Or, en ce sens, les peuples se distinguent en Naturvölker, Halbkulturvölker et Kulturvölker : peuples à l’état de nature, peuples à demi-cultivés, peuples cultivés. Ce n’est pas tout : il y a des peuples qui sont simplement cultivés, Kulturvölker, et des peuples qui sont entièrement cultivés, Vollkulturvölker. Or, c’est le degré de la culture qui détermine celui du droit. En face des Kulturvölker, les Naturvölker n’ont point de droits, ils n’ont que des devoirs : devoirs de soumission, de docilité, d’obéissance. Et, s’il existe un peuple méritant, plus que tous les autres, le titre de Vollkulturvolk, peuple de culture complète, à ce peuple appartient, sur la terre, la suprématie. Il a pour mission de courber tous les autres peuples sous le joug de sa toute-puissance, corrélative à sa culture supérieure.

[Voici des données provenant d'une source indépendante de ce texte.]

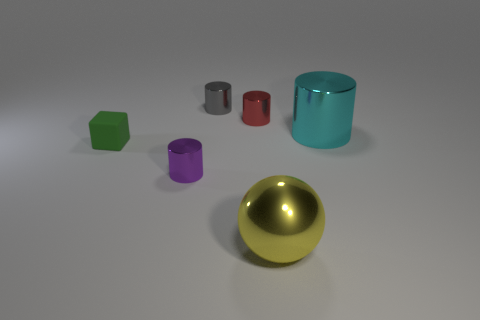Are there any other things that are the same shape as the yellow thing?
Provide a short and direct response. No. Is there another small object that has the same shape as the tiny gray metal thing?
Provide a succinct answer. Yes. Does the sphere have the same material as the thing that is on the right side of the big yellow metallic ball?
Provide a succinct answer. Yes. What number of other things are made of the same material as the purple cylinder?
Your answer should be compact. 4. Are there more tiny purple cylinders that are in front of the rubber block than brown metallic objects?
Give a very brief answer. Yes. There is a metal cylinder that is in front of the rubber block that is left of the gray cylinder; how many small purple metallic objects are on the right side of it?
Keep it short and to the point. 0. There is a small metal thing right of the gray metallic thing; is its shape the same as the gray metallic thing?
Provide a short and direct response. Yes. There is a big thing in front of the purple cylinder; what is its material?
Offer a terse response. Metal. The thing that is both behind the small purple shiny thing and to the left of the small gray object has what shape?
Offer a very short reply. Cube. What material is the gray object?
Make the answer very short. Metal. 
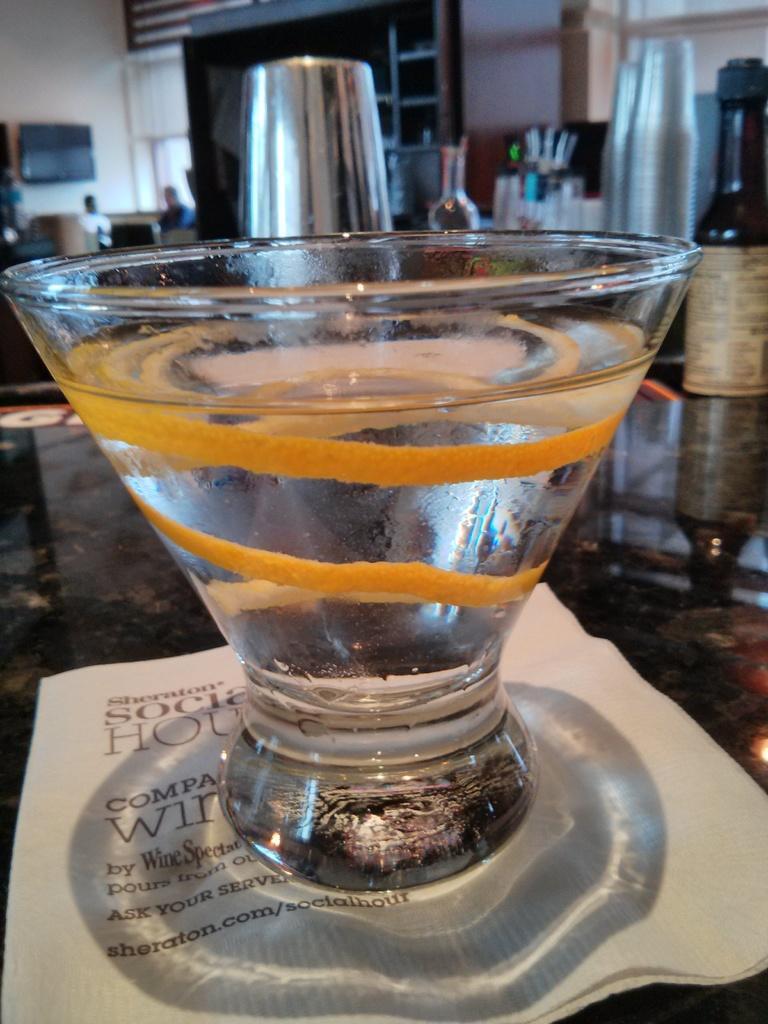Please provide a concise description of this image. In this image there is a glass, bottle, people, television, rack, table and objects. 
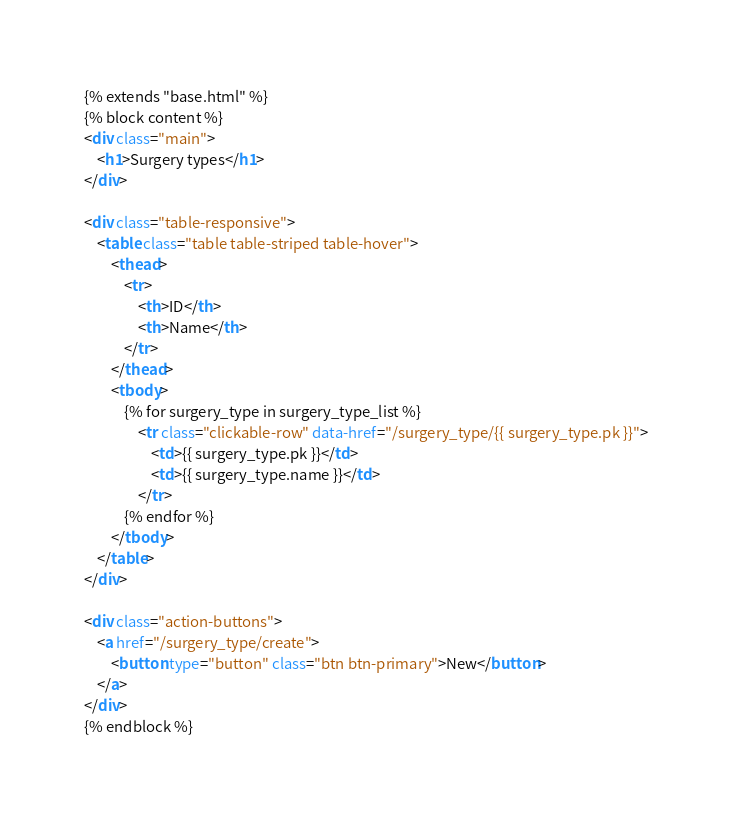<code> <loc_0><loc_0><loc_500><loc_500><_HTML_>{% extends "base.html" %}
{% block content %}
<div class="main">
    <h1>Surgery types</h1>
</div>

<div class="table-responsive">
    <table class="table table-striped table-hover">
        <thead>
            <tr>
                <th>ID</th>
                <th>Name</th>
            </tr>
        </thead>
        <tbody>
            {% for surgery_type in surgery_type_list %}
                <tr class="clickable-row" data-href="/surgery_type/{{ surgery_type.pk }}">
                    <td>{{ surgery_type.pk }}</td>
                    <td>{{ surgery_type.name }}</td>
                </tr>
            {% endfor %}
        </tbody>
    </table>
</div>

<div class="action-buttons">
    <a href="/surgery_type/create">
        <button type="button" class="btn btn-primary">New</button>
    </a>
</div>
{% endblock %}</code> 
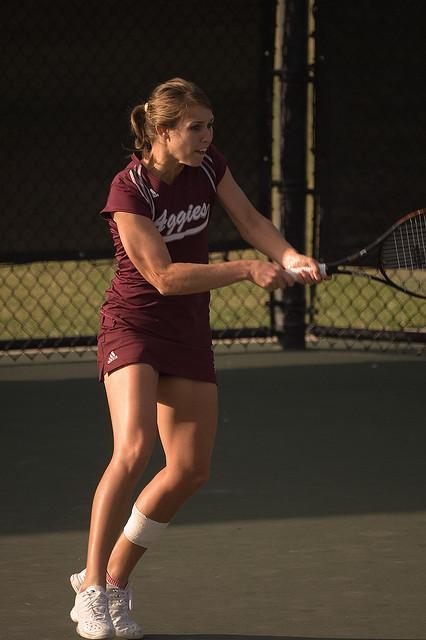How many giraffe heads can you see?
Give a very brief answer. 0. 
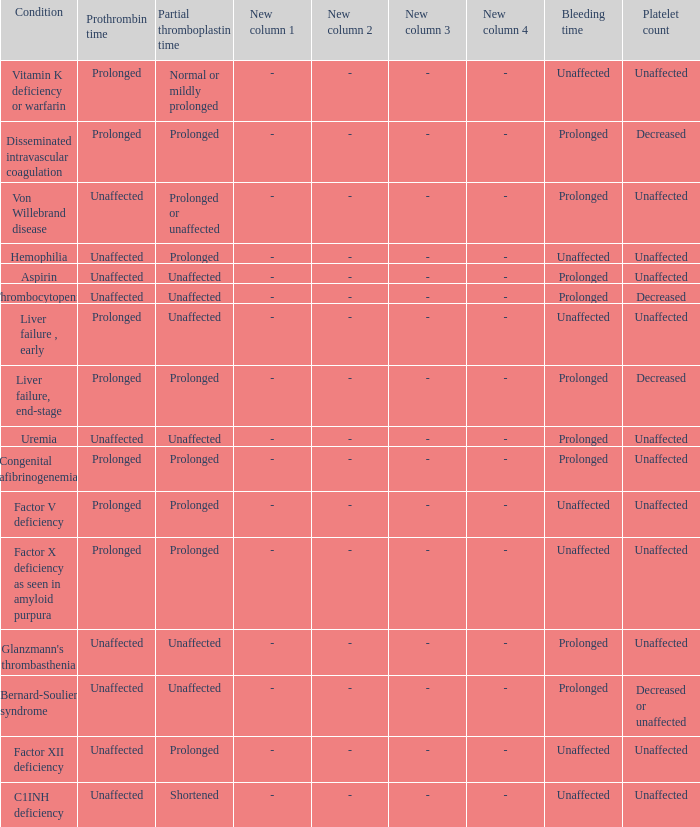Which partial thromboplastin time has a condition of liver failure , early? Unaffected.

Telle est l’idée de la nation-maitresse. La dialectique démontre que cette nation ne doit pas être simplement un type abstrait, mais qu’elle doit nécessairement se réaliser dans notre monde. En effet, l’esprit, forme suprême de l’être, veut nécessairement être, et, comme il est infini, il ne peut être réalisé qu’au moyen d’une force infinie elle-même. La nation capable d’imposer sa volonté à tous est l’instrument nécessaire de la volonté divine, en tant que celle-ci veut exaucer la prière évangélique : Père, que ton règne arrive, que ta volonté se réalise sur la terre, comme elle est accomplie au ciel !

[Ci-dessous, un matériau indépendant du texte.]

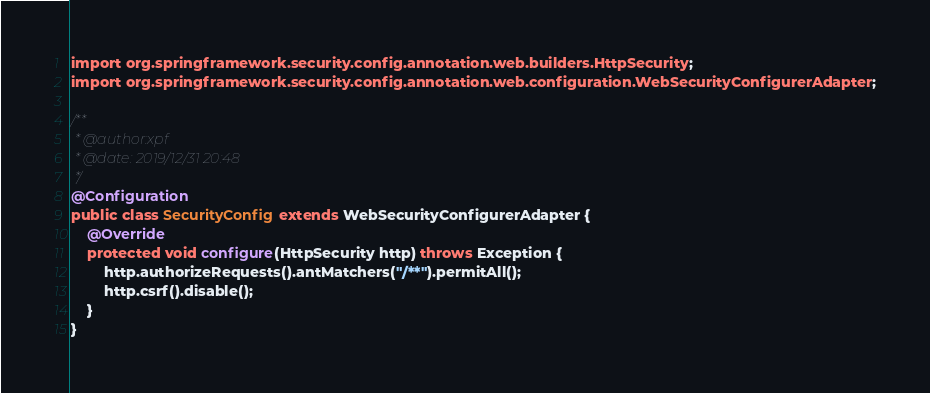Convert code to text. <code><loc_0><loc_0><loc_500><loc_500><_Java_>import org.springframework.security.config.annotation.web.builders.HttpSecurity;
import org.springframework.security.config.annotation.web.configuration.WebSecurityConfigurerAdapter;

/**
 * @author:xpf
 * @date: 2019/12/31 20:48
 */
@Configuration
public class SecurityConfig extends WebSecurityConfigurerAdapter {
    @Override
    protected void configure(HttpSecurity http) throws Exception {
        http.authorizeRequests().antMatchers("/**").permitAll();
        http.csrf().disable();
    }
}
</code> 
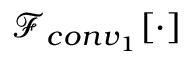<formula> <loc_0><loc_0><loc_500><loc_500>\ m a t h s c r { F } _ { c o n v _ { 1 } } [ \cdot ]</formula> 
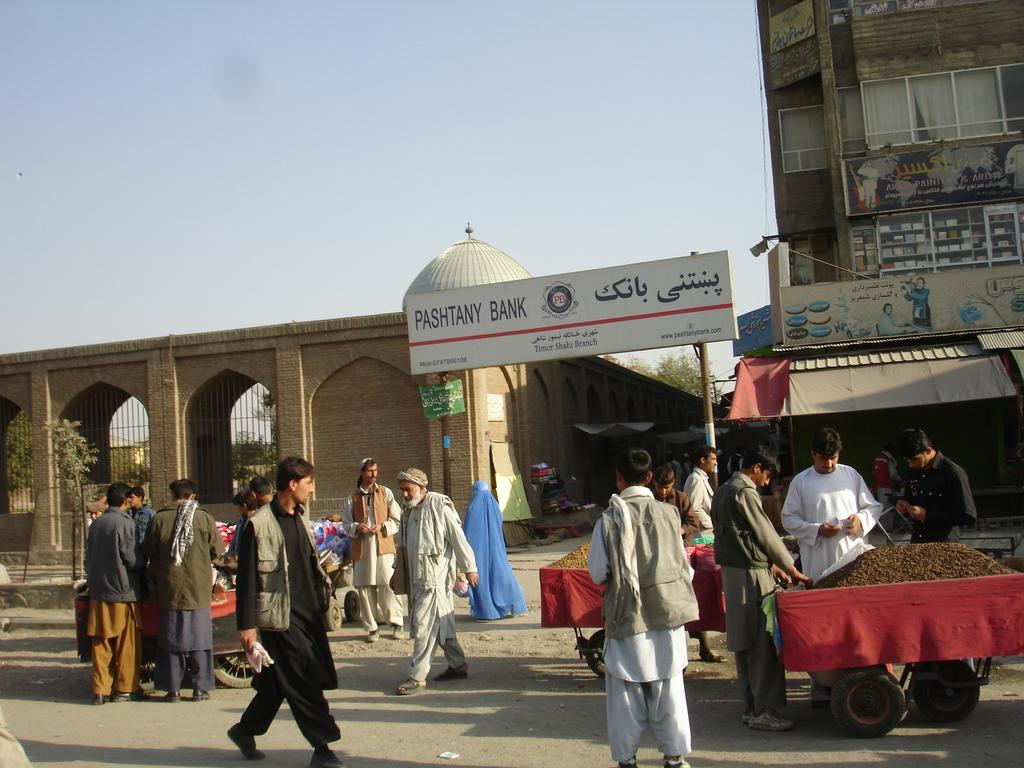What are the people in the image doing? The people in the image are walking on the road. What type of vehicles can be seen in the image? There are carts visible in the image. What can be seen in the distance in the image? There are buildings and boards visible in the background of the image. What type of can is being used to catch fish in the image? There is no can present in the image, and no fishing activity is depicted. 
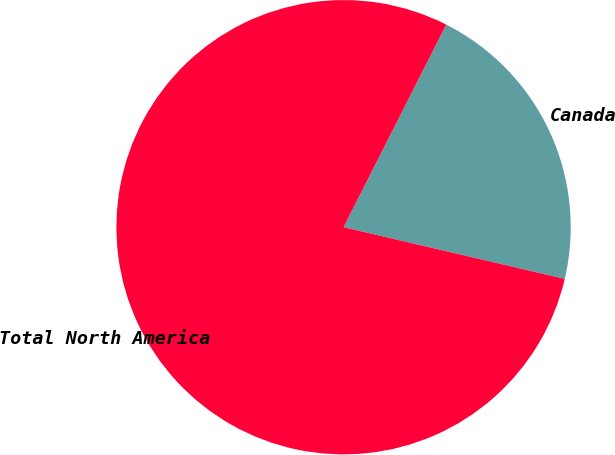<chart> <loc_0><loc_0><loc_500><loc_500><pie_chart><fcel>Canada<fcel>Total North America<nl><fcel>21.19%<fcel>78.81%<nl></chart>

Comme il faut, dans le monde, une nation-maîtresse, ainsi faut-il des nations subordonnées. Il n’y a pas de oui efficace sans un non décidé. Le moi, dit Fichte, est effort ; donc il suppose quelque chose qui lui résiste, à savoir : cela même que nous appelons la matière. La nation-maîtresse commande : donc il doit exister des nations faites pour lui obéir. Il faut même que ces nations, qui sont, à la nation-maîtresse, ce que le non-moi est au moi, résistent à l’action de cette nation supérieure. Car cette résistance est nécessaire pour permettre à celle-ci de développer et déployer ses forces et de devenir pleinement elle-même, c’est-à-dire de devenir le tout, en s’enrichissant des dépouilles de tous ses ennemis.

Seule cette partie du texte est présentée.